WHAT THE TASK ASKS —
The result should be every line in the data below that carries the string "pitch".

RECORDS FOR THIS EXERCISE —
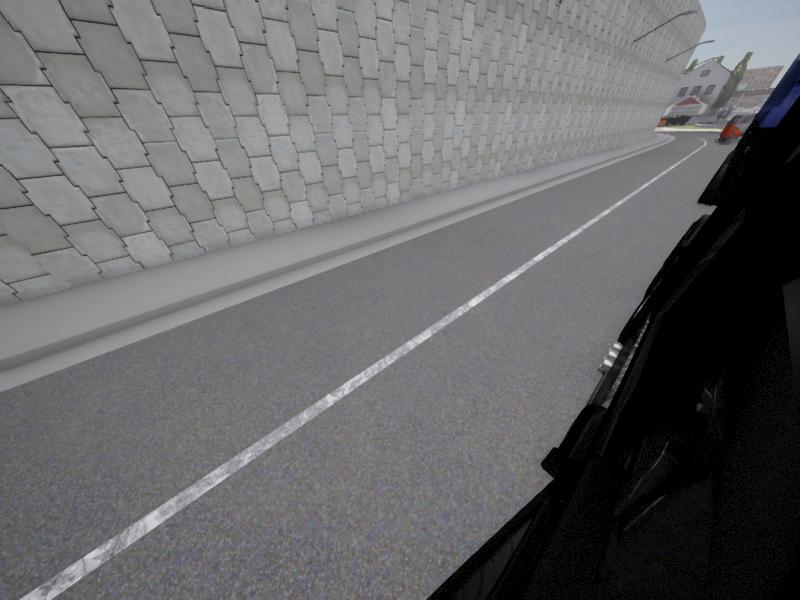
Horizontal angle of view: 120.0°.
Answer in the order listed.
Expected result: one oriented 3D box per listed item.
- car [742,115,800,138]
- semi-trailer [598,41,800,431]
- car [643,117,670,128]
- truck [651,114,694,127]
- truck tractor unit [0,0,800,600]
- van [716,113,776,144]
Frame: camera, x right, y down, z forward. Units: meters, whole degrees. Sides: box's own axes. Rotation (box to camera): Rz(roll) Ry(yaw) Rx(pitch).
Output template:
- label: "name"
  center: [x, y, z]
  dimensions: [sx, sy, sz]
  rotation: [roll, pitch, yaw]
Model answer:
- label: "car"
  center: [37.737, -17.543, 23.321]
  dimensions: [2.242, 1.667, 4.611]
  rotation: [22, 43, 29]
- label: "semi-trailer"
  center: [8.700, -3.604, 4.226]
  dimensions: [14.254, 4.402, 2.717]
  rotation: [-28, 44, -30]
- label: "car"
  center: [53.580, -37.079, 48.271]
  dimensions: [4.553, 1.767, 2.097]
  rotation: [-21, 41, -23]
- label: "truck"
  center: [61.920, -40.944, 52.649]
  dimensions: [6.274, 2.098, 2.390]
  rotation: [-4, 37, -2]
- label: "truck tractor unit"
  center: [2.645, -0.295, 0.351]
  dimensions: [6.516, 4.208, 3.053]
  rotation: [-28, 44, -30]
- label: "van"
  center: [29.405, -14.727, 19.811]
  dimensions: [1.775, 1.987, 4.442]
  rotation: [29, 47, 35]

COMPLETED TASK —
Frame: camera, x right, y down, z forward. Units: meters, whole degrees. Sides: box's own axes. Rotation (box to camera): Rz(roll) Ry(yaw) Rx(pitch).
  rotation: [roll, pitch, yaw]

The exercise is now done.